# A few of my favourites



## ukpoisonman (May 26, 2007)

Some nice blue poison bottles........ Enjoy.


----------



## cowseatmaize (May 26, 2007)

> Enjoy


 I know I did!!! Very nice


----------



## capsoda (May 26, 2007)

WoW! Beautiful bottles.


----------



## Jim (May 26, 2007)

Very nice, Rob. Those are some attractive (and rare) poisons. ~Jim


----------



## annie44 (May 26, 2007)

Great bottles and what a beautiful photo!  What did the bottle on the far right contain?


----------



## ukpoisonman (Jun 14, 2007)

Thanks for the positive comments folks........
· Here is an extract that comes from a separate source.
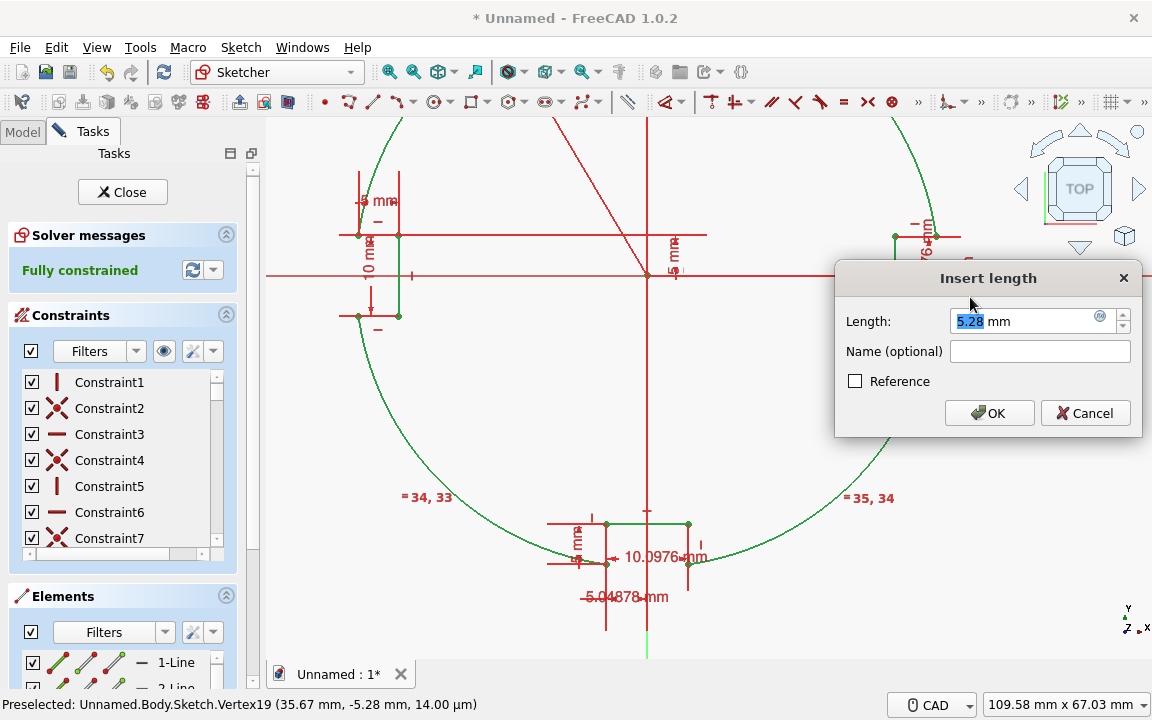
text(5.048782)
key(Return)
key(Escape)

 From left to right..... 4 inch tall Heroin round, havent seen another this small (nor has anybody else who has seen it).... Next is the square chemist pill bottle Registered design number dates it to 1899, i know of five others (one of which is in my collection also). The tall bottle is an L&T PATENT in a very large and possibly unique 20oz size, my favourite bottle. Next is a fairly mundane but attractive chemist powder round but with its original Morphine label making it very special. Last is the coffin shaped Doctor ORESTE SINANIDES 'ORESTORIN' bottle, this would have been some sort of embrocation. A beautiful bottle that is also found in white milk glass...
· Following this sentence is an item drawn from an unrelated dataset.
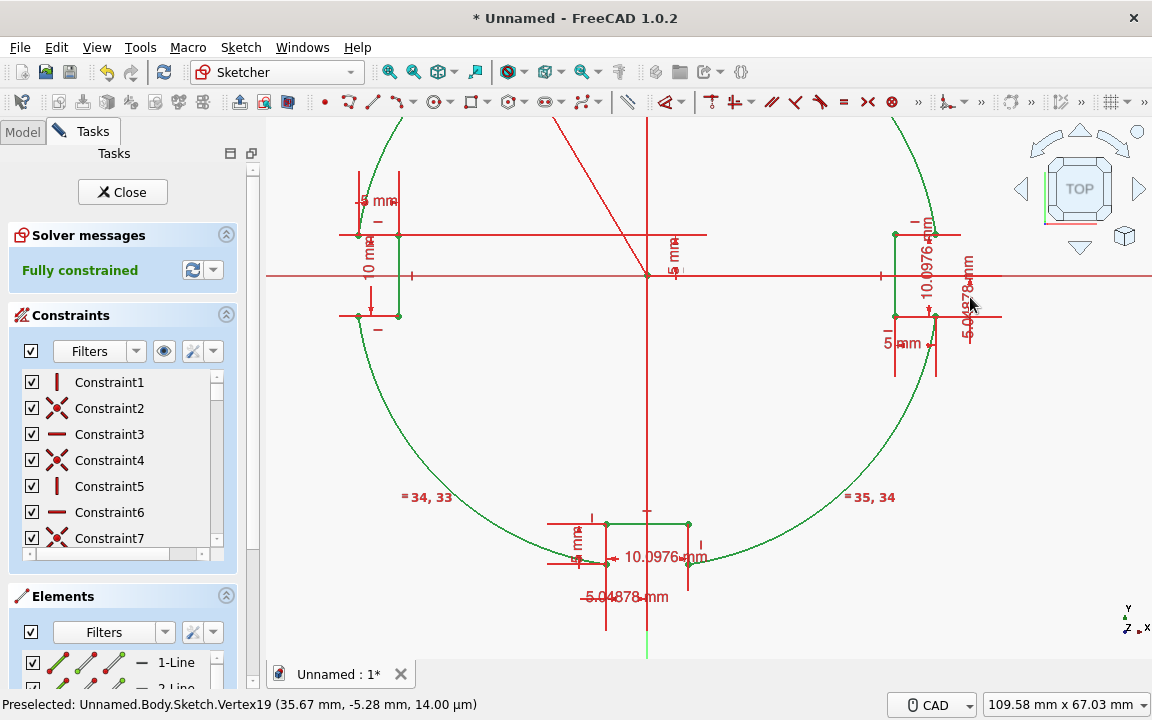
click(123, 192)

 I shall post some more pics soon.


----------



## ukpoisonman (Jun 20, 2007)

One of my collecting lines, hexagonal and flat poison bottles with different embossing.


----------



## melikapoisons (Jul 26, 2010)

[align=left]*very nice there's nothing like cobalt
*[/align]


----------



## Dansalata (Jul 27, 2010)

WHOA!!!!NICE, GREAT PHOTO TOO!!!


----------



## Poison_Us (Jul 27, 2010)

I enjoy walking down memory lane as much as anyone, but this thread did start back in 2007. []
 And it's nice to see a new poison fan join the forum.


----------